Silver Streak
In the 1940s and 1950s a joy of going to the postoffice was the sometime opportunity to rush across the street to the Lloyd Pontiac Cadillac showroom,
look at the cars, peruse the brochure rack quickly, and take any new car folder that wasn’t already in my stash. The building is a Merrill-Lynch office today.
Much of that stash is stored safely upstairs in the car trunk Joe gave me some years ago, one of my treasures.
Seems to me Rayford said his father got into the car business in 1935, and they sold one car their first year, the worst part of the Great Depression.

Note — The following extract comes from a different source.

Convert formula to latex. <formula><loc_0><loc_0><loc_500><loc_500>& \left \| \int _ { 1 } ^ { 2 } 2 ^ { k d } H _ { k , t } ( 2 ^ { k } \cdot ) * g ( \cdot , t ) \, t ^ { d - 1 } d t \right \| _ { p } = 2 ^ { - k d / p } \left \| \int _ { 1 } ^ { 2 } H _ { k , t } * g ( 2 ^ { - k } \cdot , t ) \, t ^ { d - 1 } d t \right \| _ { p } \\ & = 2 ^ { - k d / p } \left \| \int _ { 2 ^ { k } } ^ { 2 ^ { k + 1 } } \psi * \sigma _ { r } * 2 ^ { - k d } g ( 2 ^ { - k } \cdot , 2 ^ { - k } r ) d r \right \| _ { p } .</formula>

My guess is, it was a Pontiac. The 1935 model was the first year Pontiac used the “Silver Streak” and it lasted through the 1956 model year.
From the 1935 model on, GM cars, including Pontiac, boasted the solid steel “turret top,” a huge design step forward from the old fabric tops.

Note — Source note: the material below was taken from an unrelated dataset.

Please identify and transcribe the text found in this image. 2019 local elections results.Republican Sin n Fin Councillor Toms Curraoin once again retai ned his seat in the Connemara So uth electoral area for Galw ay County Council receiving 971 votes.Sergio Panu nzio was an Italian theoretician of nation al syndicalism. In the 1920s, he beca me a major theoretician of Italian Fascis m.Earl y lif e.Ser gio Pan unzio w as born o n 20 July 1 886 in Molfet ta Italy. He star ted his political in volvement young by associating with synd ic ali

My friend Weldon once told me that he had a 1935 Chevrolet Standard, which did not have the turret top, and the roof leaked on the passenger side; on dates, his girlfriend had to scoot over close to him to keep from getting wet. So maybe the turret top was not a step forward after all.
Distinctive to Pontiac cars, the silver streak was a wide ribbon that started in the front of the car with the grill and hood ornament, and swept down the hood to the windshield. For some years but not all, it picked up on the rear of the car at the back window and flowed down the trunk lid.
The 1955 and 56 models had dual silver streaks. The distinctive Pontiac ribbon was discontinued with the 1957 model year.
For the 1935 model year only, GM cars, including Pontiac, had what now is called “suicide doors” - back-hinged, front-opening doors for the front doors. They were unique to that model year. Rumble seats were still in vogue too.
Offering both six and eight cylinder flat-head engines, Pontiac was then called a “medium priced” car in the GM line (Chevrolet, Pontiac, Oldsmobile, Buick, Cadillac). It was always one of my favorites.
During our Pennsylvania years, Linda and I had two Pontiac cars, one a gold Firebird. But in my growing up years of the 1930s, 40s, 50s, the only Pontiac we had was the 1936 Silver Streak business coupe that my father bought used in the forties and converted into a pickup truck for use in his fish business.